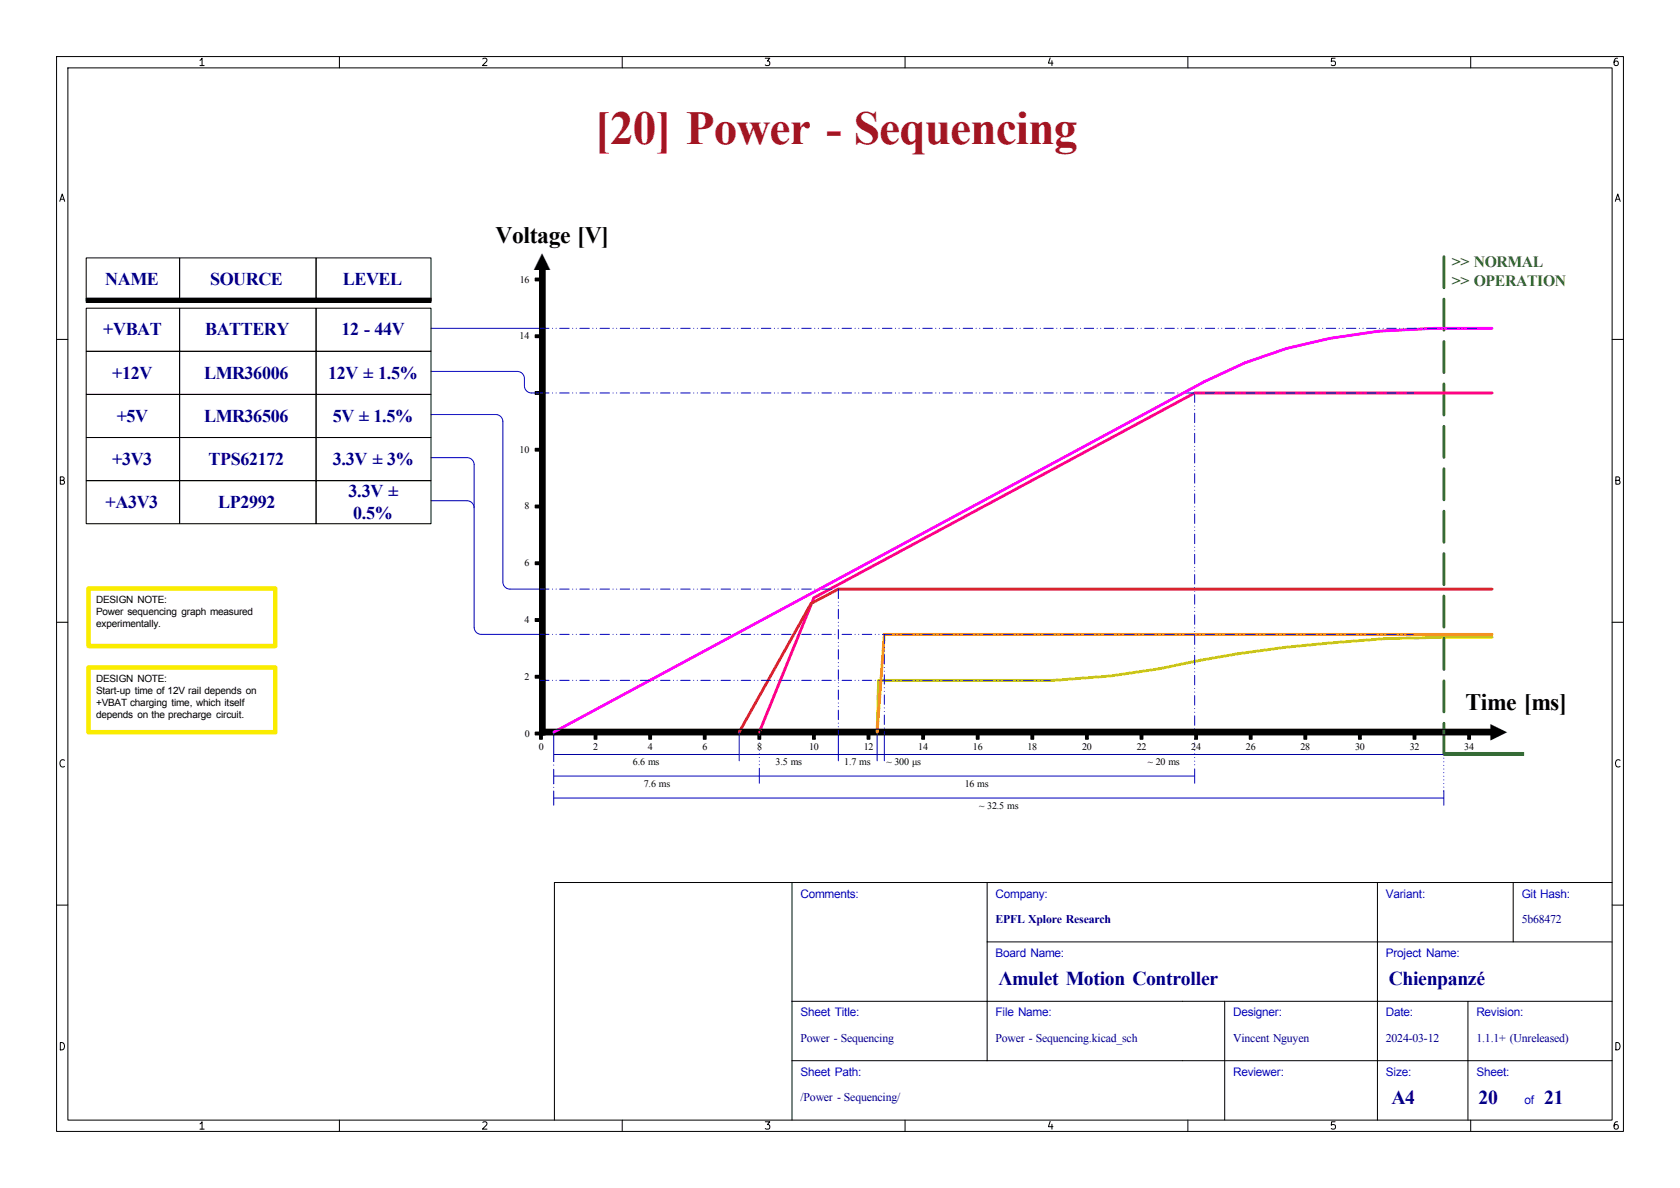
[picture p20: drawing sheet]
<svg xmlns="http://www.w3.org/2000/svg" width="297mm" height="210mm" viewBox="0 0 297 210" stroke-linecap="round" stroke-linejoin="round" font-family="sans-serif">
<defs><g id="words">
<text font-size="8.4" fill="#a21622" x="105.2" y="25.5">[20] Power - Sequencing</text>
<g font-size="4.2">
<text x="87.6" y="43">Voltage [V]</text>
<text x="93.8" y="47.7">▲</text>
<text x="259.1" y="125.6">Time [ms]</text>
<text x="266.4" y="131.5" transform="rotate(-90 266.4 131.5)">▼</text>
</g>
<g font-size="3.5" fill="#00007f">
<text x="176.5" y="174.1">Λmulet Motion Controller</text>
<text x="245.5" y="174.1">Chienpanzé</text>
<text x="246" y="195.1">A4</text>
<text x="261.4" y="195.1">20</text>
<text x="273" y="195.1">21</text>
</g>
<g font-size="3.2" fill="#00007f">
<text x="18.6" y="50.4">NAME</text>
<text x="37.2" y="50.4">SOURCE</text>
<text x="60.6" y="50.4">LEVEL</text>
<text x="18.3" y="59.3">+VBAT</text>
<text x="36.3" y="59.3">BATTERY</text>
<text x="60.4" y="59.3">12 - 44V</text>
<text x="19.8" y="66.9">+12V</text>
<text x="36.1" y="66.9">LMR36006</text>
<text x="58" y="66.9">12V ± 1.5%</text>
<text x="20.6" y="74.5">+5V</text>
<text x="36.1" y="74.5">LMR36506</text>
<text x="58.8" y="74.5">5V ± 1.5%</text>
<text x="19.8" y="82.2">+3V3</text>
<text x="36.9" y="82.2">TPS62172</text>
<text x="58.8" y="82.2">3.3V ± 3%</text>
<text x="18.7" y="89.8">+A3V3</text>
<text x="38.6" y="89.8">LP2992</text>
<text x="61.6" y="87.9">3.3V ±</text>
<text x="62.4" y="91.7">0.5%</text>
</g>
<g font-size="2.8" fill="#357b26">
<text x="256.7" y="47.2">&gt;&gt; NORMAL</text>
<text x="256.7" y="50.5">&gt;&gt; OPERATION</text>
</g>
<g font-size="2.1" fill="#00f">
<text x="141.5" y="158.7">Comments:</text>
<text x="176" y="158.7">Company:</text>
<text x="245" y="158.7">Variant:</text>
<text x="269" y="158.7">Git Hash:</text>
<text x="176" y="169.2">Board Name:</text>
<text x="245" y="169.2">Project Name:</text>
<text x="141.5" y="179.7">Sheet Title:</text>
<text x="176" y="179.7">File Name:</text>
<text x="218" y="179.7">Designer:</text>
<text x="245" y="179.7">Date:</text>
<text x="261" y="179.7">Revision:</text>
<text x="141.5" y="190.2">Sheet Path:</text>
<text x="218" y="190.2">Reviewer:</text>
<text x="245" y="190.2">Size:</text>
<text x="261" y="190.2">Sheet:</text>
<text x="269.5" y="195.2">of</text>
</g>
<g font-size="2.1" fill="#00007f">
<text x="176" y="163.2">EPFL Xplore Research</text>
<text x="269" y="163.2">5b68472</text>
<text x="141.5" y="184.2">Power - Sequencing</text>
<text x="176" y="184.2">Power - Sequencing.kicad_sch</text>
<text x="218" y="184.2">Vincent Nguyen</text>
<text x="245" y="184.2">2024-03-12</text>
<text x="261" y="184.2">1.1.1+ (Unreleased)</text>
<text x="141.5" y="194.7">/Power - Sequencing/</text>
</g>
<g font-size="1.8">
<text x="91.9" y="50">16</text>
<text x="91.9" y="60">14</text>
<text x="91.9" y="80">10</text>
<text x="92.7" y="90.1">8</text>
<text x="92.7" y="100.1">6</text>
<text x="17" y="106.5">DESIGN NOTE:</text>
<text x="17" y="108.7">Power sequencing graph measured</text>
<text x="17" y="110.8">experimentally.</text>
<text x="92.7" y="110.1">4</text>
<text x="17" y="120.5">DESIGN NOTE:</text>
<text x="17" y="122.6">Start-up time of 12V rail depends on</text>
<text x="17" y="124.8">+VBAT charging time, which itself</text>
<text x="92.7" y="120.2">2</text>
<text x="17" y="126.9">depends on the precharge circuit.</text>
<text x="92.8" y="130.2">0</text>
<text x="95.3" y="132.6">0</text>
<text x="104.9" y="132.6">2</text>
<text x="111.9" y="135.3">6.6 ms</text>
<text x="114.5" y="132.6">4</text>
<text x="124.2" y="132.6">6</text>
<text x="133.8" y="132.6">8</text>
<text x="137.1" y="135.3">3.5 ms</text>
<text x="143" y="132.6">10</text>
<text x="149.2" y="135.3">1.7 ms</text>
<text x="152.7" y="132.6">12</text>
<text x="156.7" y="135.3">~ 300 μs</text>
<text x="162.3" y="132.6">14</text>
<text x="172" y="132.6">16</text>
<text x="181.6" y="132.6">18</text>
<text x="191.3" y="132.6">20</text>
<text x="201" y="132.6">22</text>
<text x="202.9" y="135.3">~ 20 ms</text>
<text x="210.6" y="132.6">24</text>
<text x="220.3" y="132.6">26</text>
<text x="229.9" y="132.6">28</text>
<text x="239.6" y="132.6">30</text>
<text x="249.2" y="132.6">32</text>
<text x="258.9" y="132.6">34</text>
<text x="113.8" y="139.1">7.6 ms</text>
<text x="170.5" y="139.1">16 ms</text>
<text x="173.1" y="143">~ 32.5 ms</text>
</g>
<g font-size="1.3">
<text x="35" y="12">1</text>
<text x="85" y="12">2</text>
<text x="135" y="12">3</text>
<text x="185" y="12">4</text>
<text x="235" y="12">5</text>
<text x="285" y="12">6</text>
<text x="10.3" y="36">A</text>
<text x="285.3" y="36">A</text>
<text x="10.2" y="86">B</text>
<text x="285.2" y="86">B</text>
<text x="10.2" y="136">C</text>
<text x="285.2" y="136">C</text>
<text x="10.2" y="186">D</text>
<text x="285.2" y="186">D</text>
<text x="35" y="200">1</text>
<text x="85" y="200">2</text>
<text x="135" y="200">3</text>
<text x="185" y="200">4</text>
<text x="235" y="200">5</text>
<text x="285" y="200">6</text>
</g>
</g></defs>
<g fill="none" stroke="#000" stroke-width=".18">
<path d="M10 10h277v190h-277zM12 12h273v186h-273zM60 10v2M110 10v2M160 10v2M210 10v2M260 10v2M10 60h2M285 60h2M10 110h2M285 110h2M140 156v42"/>
<path d="M174.5 156v31.5M243.5 156v42M267.5 156v10.5M285 156h-187v42M10 160h2M140 177h145M174.5 166.5h110.5M216.5 177v21M259.5 177v21M285 160h2M60 198v2M110 198v2"/>
<path d="M140 187.5h145M160 198v2M210 198v2M260 198v2"/>
</g>
<path d="M94.6 59.2h1.5v.5h-1.5zM94.6 129.4h1.5v.5h-1.5zM105 129.2h.5v1.5h-.5zM182.2 129.2h.6v1.5h-.6z" fill="#000"/>
<path d="M255.3 133h14.1v.5h-14.1z" fill="#357b26"/>
<g fill="#000">
<path d="M15.2 52.7h61v.8h-61zM94.6 49.1h1.5v.6h-1.5zM95.4 47.4h1v82.5h-1zM94.6 69.2h1.5v.5h-1.5zM94.6 79.2h1.5v.6h-1.5zM94.6 99.3h1.5v.5h-1.5zM94.6 89.3h1.5v.5h-1.5zM94.6 109.3h1.5v.6h-1.5zM94.6 119.4h1.5v.5h-1.5zM95.4 128.9h168.4v1h-168.4zM95.4 129.2h.5v1.5h-.5zM114.7 129.2h.5v1.5h-.5z"/>
<path d="M124.3 129.2h.5v1.5h-.5zM134 129.2h.5v1.5h-.5zM143.6 129.2h.5v1.5h-.5zM153.3 129.2h.5v1.5h-.5zM162.9 129.2h.5v1.5h-.5zM172.6 129.2h.5v1.5h-.5zM191.9 129.2h.5v1.5h-.5zM201.5 129.2h.6v1.5h-.6zM211.2 129.2h.5v1.5h-.5zM220.9 129.2h.5v1.5h-.5zM230.5 129.2h.5v1.5h-.5zM240.2 129.2h.5v1.5h-.5z"/>
<path d="M249.8 129.2h.5v1.5h-.5zM259.5 129.2h.5v1.5h-.5z"/>
</g>
<path d="M263.8 112.6a266.6 266.6 0 0 0-51.6 4.1l-7.3 1.5-8.7 1.3-9.9 .8h-31l-.2 9.1" fill="none" stroke="#c5c314" stroke-width=".5"/>
<path d="M263.8 69.5h-52.6l-67.3 36.2-9.7 23.7" fill="none" stroke="#ff0085" stroke-width=".5"/>
<path d="M97.9 138.5v1.3M97.9 134.6v1.3M134.2 130v5.9M211.2 129.4v6.1M255.2 139.8v-6.5" fill="none" stroke="#0000c2" stroke-width=".18" stroke-dasharray="0 .6"/>
<g fill="none" stroke="#0000c2" stroke-width=".18">
<path d="M76.2 58h19.2M76.2 73.3h11.4a1.27 1.27 0 0 1 1.3 1.2M76.2 65.7h15.2a1.27 1.27 0 0 1 1.3 1.2v1.3a1.27 1.27 0 0 0 1.3 1.3h1.4M88.9 74.5v28.4a1.27 1.27 0 0 0 1.3 1.2h5M76.2 80.9h6.3a1.27 1.27 0 0 1 1.3 1.3v28.7a1.27 1.27 0 0 0 1.3 1.2h10.8M76.2 88.5h6.3a1.26 1.26 0 0 1 1.3 1.3M97.9 129.4v5.2M97.9 136v2.5M97.9 139.8v2.5M97.9 137.2h113.3M97.9 133.4h32.8M130.7 129.4v5.1"/>
<path d="M130.7 133.4h124.6M134.2 135.9v2.6M148.2 129.4v5.1M155.1 129.5v5M156.3 129.5v5M211.2 135.9v2.6M255.2 139.8v2.5M97.9 141.1h157.3"/>
</g>
<path d="M263.8 58h-10.2l-9.9 .5a81.3 81.3 0 0 0-30.7 8.9l-115.1 62" fill="none" stroke="#f0f" stroke-width=".5"/>
<path d="M263.8 112.1h-107.5l-1.2 17.3" fill="none" stroke="#fc8600" stroke-width=".5"/>
<path d="M95.4 58h165.8M95.4 69.5h154.5M211.2 69.5v59.9M95.4 104.1h154.4M95.4 112.1h154.4M148.2 104.1v25.3M156.3 112.1v17.4M95.4 120.3h90.3" fill="none" stroke="#0000c2" stroke-width=".18" stroke-dasharray="1.7 .6 0 .6 0 .6"/>
<path d="M255.3 133.4v-88.1" fill="none" stroke="#357b26" stroke-width=".5" stroke-dasharray="5.5 2"/>
<path d="M263.8 104.1h-115.6l-4.8 2.6-12.7 22.7" fill="none" stroke="#da242c" stroke-width=".5"/>
<g fill="none" stroke="#000" stroke-width=".18">
<path d="M15.2 45.6h16.5v7.6h-16.5zM15.2 54.5h16.5v7.6h-16.5zM15.2 52.7h61v.8h-61zM31.7 54.5h24.2v7.6h-24.2zM31.7 45.6h24.2v7.6h-24.2zM55.9 54.5h20.3v7.6h-20.3zM55.9 45.6h20.3v7.6h-20.3zM94.6 59.2h1.5v.5h-1.5zM94.6 49.1h1.5v.6h-1.5zM95.4 47.4h1v82.5h-1zM15.2 62.1h16.5v7.6h-16.5zM15.2 69.7h16.5v7.6h-16.5z"/>
<path d="M15.2 77.3h16.5v7.7h-16.5zM31.7 69.7h24.2v7.6h-24.2zM31.7 62.1h24.2v7.6h-24.2zM31.7 77.3h24.2v7.7h-24.2zM55.9 77.3h20.3v7.7h-20.3zM55.9 62.1h20.3v7.6h-20.3zM55.9 69.7h20.3v7.6h-20.3zM94.6 69.2h1.5v.5h-1.5zM94.6 79.2h1.5v.6h-1.5zM15.2 85h16.5v7.6h-16.5zM31.7 85h24.2v7.6h-24.2zM55.9 85h20.3v7.6h-20.3z"/>
<path d="M94.6 99.3h1.5v.5h-1.5zM94.6 89.3h1.5v.5h-1.5zM94.6 109.3h1.5v.6h-1.5zM94.6 119.4h1.5v.5h-1.5zM94.6 129.4h1.5v.5h-1.5zM95.4 128.9h168.4v1h-168.4zM95.4 129.2h.5v1.5h-.5zM105 129.2h.5v1.5h-.5zM114.7 129.2h.5v1.5h-.5zM124.3 129.2h.5v1.5h-.5zM134 129.2h.5v1.5h-.5zM143.6 129.2h.5v1.5h-.5z"/>
<path d="M153.3 129.2h.5v1.5h-.5zM162.9 129.2h.5v1.5h-.5zM172.6 129.2h.5v1.5h-.5zM182.2 129.2h.6v1.5h-.6zM191.9 129.2h.5v1.5h-.5zM201.5 129.2h.6v1.5h-.6zM211.2 129.2h.5v1.5h-.5zM220.9 129.2h.5v1.5h-.5zM230.5 129.2h.5v1.5h-.5zM240.2 129.2h.5v1.5h-.5zM249.8 129.2h.5v1.5h-.5zM259.5 129.2h.5v1.5h-.5z"/>
</g>
<path d="M15.6 104h33.1v10.2h-33.1zM15.6 118h33.1v11.4h-33.1z" fill="none" stroke="#faec00" stroke-width=".8"/>
<path d="M255.3 133h14.1v.5h-14.1z" fill="none" stroke="#357b26" stroke-width=".18"/>
<use href="#words"/>
</svg>

--------------------

_What the task requires_
Look for the word "VBAT" throughout the material above and copy every line that has it.

_Solved problem_
<text x="18.3" y="59.3">+VBAT</text>
<text x="17" y="124.8">+VBAT charging time, which itself</text>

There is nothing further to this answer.